- Exercise -
Whenever the word "listed" turns up in a line below, that line should be copied.

- Provided data -
------------------------------------------------------------

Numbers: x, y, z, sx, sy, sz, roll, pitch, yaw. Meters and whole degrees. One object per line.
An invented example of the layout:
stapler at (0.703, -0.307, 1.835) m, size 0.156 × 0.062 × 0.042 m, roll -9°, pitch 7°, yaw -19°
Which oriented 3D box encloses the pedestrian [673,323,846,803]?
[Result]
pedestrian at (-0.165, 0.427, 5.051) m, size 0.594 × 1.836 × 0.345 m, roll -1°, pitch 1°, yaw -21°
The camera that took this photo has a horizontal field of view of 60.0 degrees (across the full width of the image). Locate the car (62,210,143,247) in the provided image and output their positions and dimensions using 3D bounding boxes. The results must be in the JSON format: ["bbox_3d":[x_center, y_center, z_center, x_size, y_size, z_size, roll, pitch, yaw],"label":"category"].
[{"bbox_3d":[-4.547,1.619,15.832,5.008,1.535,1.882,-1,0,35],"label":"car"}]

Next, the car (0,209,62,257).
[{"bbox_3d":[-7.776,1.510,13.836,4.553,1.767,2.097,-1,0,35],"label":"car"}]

------------------------------------------------------------

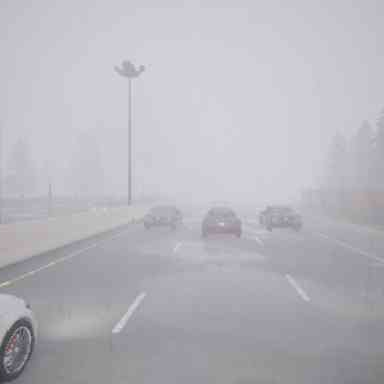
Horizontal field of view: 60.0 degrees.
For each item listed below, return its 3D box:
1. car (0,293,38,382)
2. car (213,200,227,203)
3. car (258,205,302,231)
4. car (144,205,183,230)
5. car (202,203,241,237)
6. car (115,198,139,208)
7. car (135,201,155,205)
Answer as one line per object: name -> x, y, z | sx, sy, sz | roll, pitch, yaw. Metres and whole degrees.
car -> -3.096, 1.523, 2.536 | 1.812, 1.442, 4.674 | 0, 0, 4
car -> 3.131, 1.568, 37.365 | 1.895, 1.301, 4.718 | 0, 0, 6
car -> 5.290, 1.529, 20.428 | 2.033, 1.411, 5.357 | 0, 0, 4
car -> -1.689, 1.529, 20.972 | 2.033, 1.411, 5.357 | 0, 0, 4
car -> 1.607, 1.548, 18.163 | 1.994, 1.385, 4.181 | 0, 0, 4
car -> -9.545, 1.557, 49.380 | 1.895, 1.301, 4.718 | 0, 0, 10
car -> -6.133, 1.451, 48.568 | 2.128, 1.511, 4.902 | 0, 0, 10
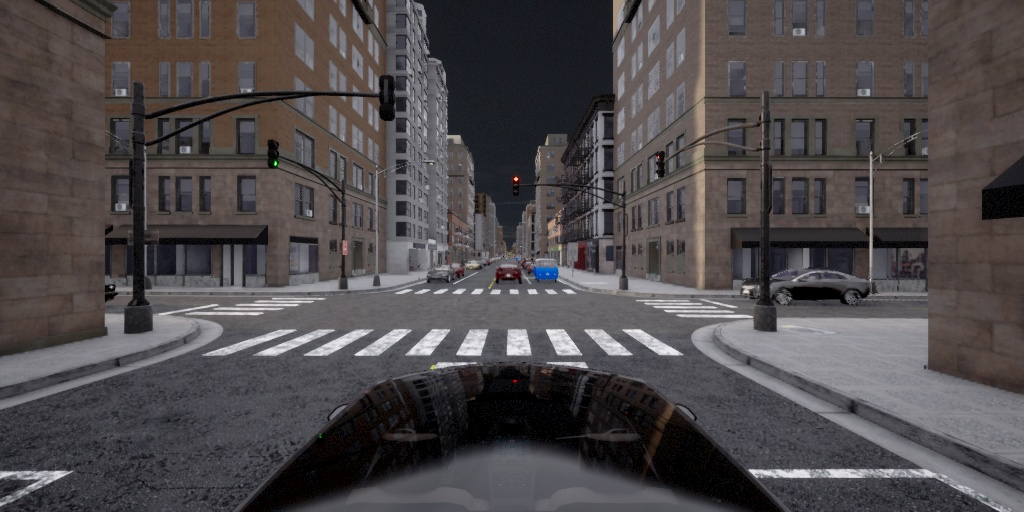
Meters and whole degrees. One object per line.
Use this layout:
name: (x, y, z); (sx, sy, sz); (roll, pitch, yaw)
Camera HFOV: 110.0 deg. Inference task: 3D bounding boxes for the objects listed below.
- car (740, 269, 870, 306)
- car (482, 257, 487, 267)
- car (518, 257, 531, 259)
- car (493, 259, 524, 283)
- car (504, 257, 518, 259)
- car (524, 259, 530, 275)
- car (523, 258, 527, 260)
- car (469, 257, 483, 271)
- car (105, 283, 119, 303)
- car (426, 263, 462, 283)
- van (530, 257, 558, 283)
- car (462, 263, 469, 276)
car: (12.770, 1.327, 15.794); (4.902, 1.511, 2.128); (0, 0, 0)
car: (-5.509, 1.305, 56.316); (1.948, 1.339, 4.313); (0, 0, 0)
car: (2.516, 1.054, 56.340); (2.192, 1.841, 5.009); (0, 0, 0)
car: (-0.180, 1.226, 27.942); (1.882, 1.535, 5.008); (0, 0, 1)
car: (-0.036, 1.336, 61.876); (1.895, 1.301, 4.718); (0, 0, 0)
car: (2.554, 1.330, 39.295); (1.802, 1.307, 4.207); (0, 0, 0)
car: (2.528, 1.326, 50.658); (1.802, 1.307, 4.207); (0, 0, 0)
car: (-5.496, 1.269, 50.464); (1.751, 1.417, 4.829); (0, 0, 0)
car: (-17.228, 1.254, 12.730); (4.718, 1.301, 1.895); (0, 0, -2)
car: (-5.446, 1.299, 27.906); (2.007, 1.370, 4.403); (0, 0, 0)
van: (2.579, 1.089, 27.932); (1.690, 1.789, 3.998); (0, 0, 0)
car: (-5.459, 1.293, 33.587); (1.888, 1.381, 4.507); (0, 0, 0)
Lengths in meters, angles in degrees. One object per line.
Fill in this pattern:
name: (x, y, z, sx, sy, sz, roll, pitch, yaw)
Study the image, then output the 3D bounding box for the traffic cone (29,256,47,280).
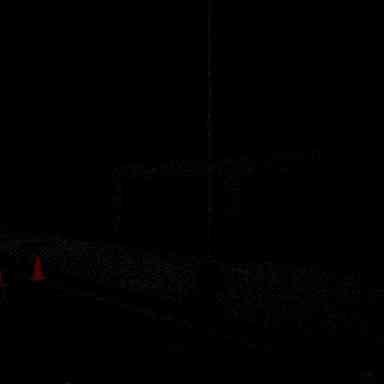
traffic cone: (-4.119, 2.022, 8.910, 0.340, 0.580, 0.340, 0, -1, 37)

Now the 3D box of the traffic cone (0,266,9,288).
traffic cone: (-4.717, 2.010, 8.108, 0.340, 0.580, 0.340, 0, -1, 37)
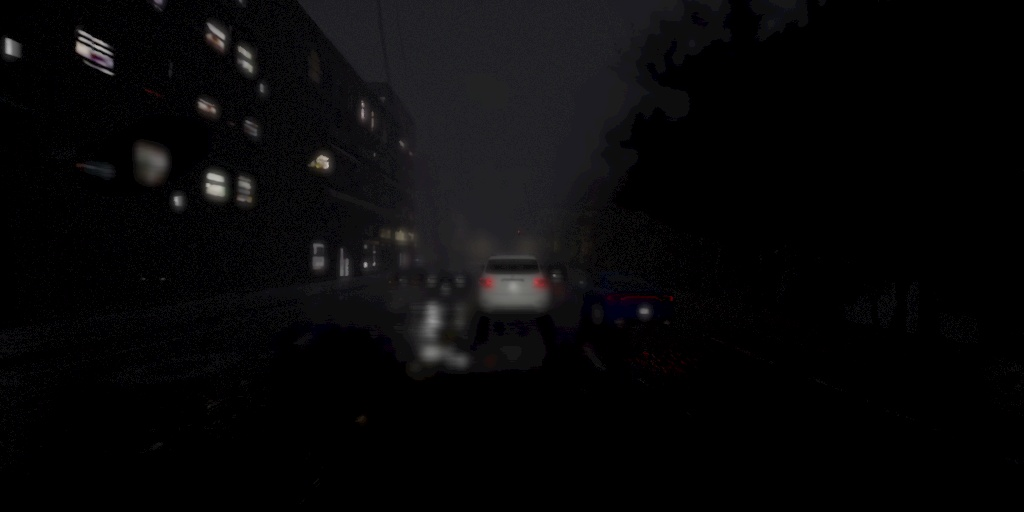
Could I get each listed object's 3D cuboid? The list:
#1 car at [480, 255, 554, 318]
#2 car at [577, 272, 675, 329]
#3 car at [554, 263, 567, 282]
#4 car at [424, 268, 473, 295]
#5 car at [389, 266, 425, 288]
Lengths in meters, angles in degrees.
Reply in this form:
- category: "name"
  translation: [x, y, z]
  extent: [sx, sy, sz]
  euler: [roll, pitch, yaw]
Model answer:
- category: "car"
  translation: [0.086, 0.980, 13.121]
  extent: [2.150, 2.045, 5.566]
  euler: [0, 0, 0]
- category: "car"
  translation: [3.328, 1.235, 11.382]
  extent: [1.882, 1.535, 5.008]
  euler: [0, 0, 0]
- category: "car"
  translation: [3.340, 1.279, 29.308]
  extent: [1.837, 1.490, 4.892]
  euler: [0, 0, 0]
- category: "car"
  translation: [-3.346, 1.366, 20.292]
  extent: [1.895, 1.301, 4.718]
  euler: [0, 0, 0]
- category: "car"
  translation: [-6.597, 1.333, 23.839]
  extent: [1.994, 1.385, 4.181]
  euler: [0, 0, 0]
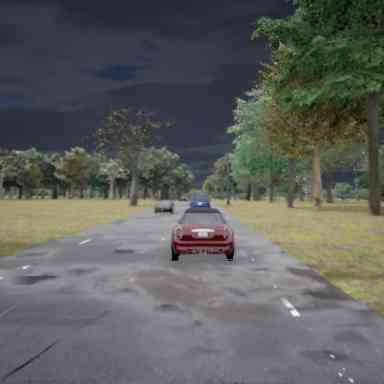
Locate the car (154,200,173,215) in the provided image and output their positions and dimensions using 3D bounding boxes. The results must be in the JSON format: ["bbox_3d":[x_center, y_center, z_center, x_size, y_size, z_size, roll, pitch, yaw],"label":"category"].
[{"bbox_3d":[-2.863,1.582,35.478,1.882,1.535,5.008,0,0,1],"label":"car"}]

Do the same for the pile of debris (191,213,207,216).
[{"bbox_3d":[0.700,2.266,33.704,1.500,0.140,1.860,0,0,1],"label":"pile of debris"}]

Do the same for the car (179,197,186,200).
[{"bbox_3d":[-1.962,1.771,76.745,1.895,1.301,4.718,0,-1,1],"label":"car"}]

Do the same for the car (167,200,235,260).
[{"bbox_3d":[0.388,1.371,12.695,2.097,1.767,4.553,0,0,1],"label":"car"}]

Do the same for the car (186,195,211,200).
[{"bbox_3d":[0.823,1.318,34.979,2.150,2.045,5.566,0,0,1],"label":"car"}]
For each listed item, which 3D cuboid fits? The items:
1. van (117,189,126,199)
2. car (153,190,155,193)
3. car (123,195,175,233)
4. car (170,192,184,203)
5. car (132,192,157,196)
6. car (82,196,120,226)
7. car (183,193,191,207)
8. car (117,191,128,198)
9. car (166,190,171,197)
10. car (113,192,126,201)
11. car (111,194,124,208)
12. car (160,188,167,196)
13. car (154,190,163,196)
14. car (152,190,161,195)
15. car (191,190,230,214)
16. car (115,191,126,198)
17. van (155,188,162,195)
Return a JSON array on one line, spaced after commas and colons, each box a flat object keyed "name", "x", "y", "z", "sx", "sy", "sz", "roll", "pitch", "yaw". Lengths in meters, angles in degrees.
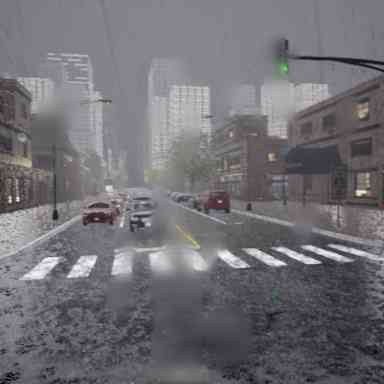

------------------------------------------------------------

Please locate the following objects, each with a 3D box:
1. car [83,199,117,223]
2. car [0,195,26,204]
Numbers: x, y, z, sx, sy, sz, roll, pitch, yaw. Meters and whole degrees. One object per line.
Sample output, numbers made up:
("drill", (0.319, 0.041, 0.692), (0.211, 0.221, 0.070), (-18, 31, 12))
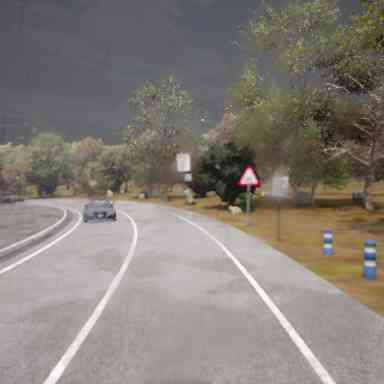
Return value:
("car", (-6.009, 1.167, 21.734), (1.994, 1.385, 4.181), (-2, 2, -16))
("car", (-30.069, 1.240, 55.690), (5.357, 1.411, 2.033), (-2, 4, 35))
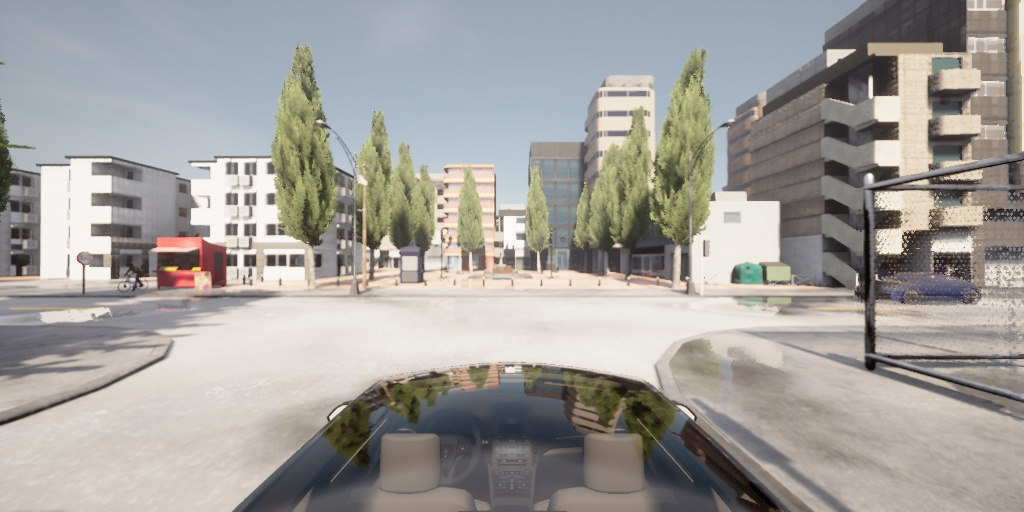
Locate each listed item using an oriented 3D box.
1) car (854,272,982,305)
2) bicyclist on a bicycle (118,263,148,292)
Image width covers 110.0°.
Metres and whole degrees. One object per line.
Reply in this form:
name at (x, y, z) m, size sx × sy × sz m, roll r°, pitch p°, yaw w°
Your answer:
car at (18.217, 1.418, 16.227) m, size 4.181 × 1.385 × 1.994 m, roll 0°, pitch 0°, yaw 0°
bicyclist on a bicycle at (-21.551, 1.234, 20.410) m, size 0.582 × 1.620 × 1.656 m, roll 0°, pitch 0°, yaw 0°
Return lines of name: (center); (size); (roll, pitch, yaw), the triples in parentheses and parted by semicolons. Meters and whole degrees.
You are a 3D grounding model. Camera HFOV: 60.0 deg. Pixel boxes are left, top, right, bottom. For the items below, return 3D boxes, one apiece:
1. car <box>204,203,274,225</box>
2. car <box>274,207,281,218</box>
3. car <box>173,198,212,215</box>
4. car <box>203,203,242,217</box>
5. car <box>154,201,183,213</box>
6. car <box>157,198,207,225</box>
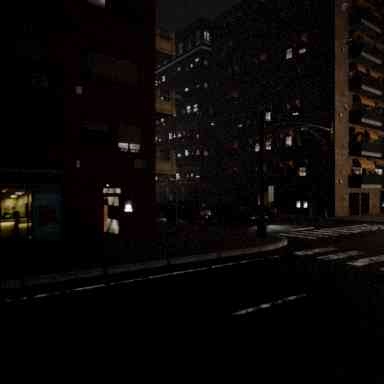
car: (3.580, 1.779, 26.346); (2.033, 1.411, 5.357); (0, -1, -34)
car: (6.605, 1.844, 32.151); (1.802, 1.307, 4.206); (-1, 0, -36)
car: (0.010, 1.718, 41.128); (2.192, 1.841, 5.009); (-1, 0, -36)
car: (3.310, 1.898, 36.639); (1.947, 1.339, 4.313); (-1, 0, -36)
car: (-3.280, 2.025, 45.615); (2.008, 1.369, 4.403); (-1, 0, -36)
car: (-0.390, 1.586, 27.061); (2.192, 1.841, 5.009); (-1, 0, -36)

------------------------------------------------------------

- Result of the task -
For each item listed below, return its 3D box:
Camera HFOV: 110.0 deg. Inference task: 3D bounding boxes for the objects listed below.
Could I get each listed object's 3D cuboid? The list:
For each listed item, which 3D cuboid fits? The items:
Locate each listed item using an oriented 3D box.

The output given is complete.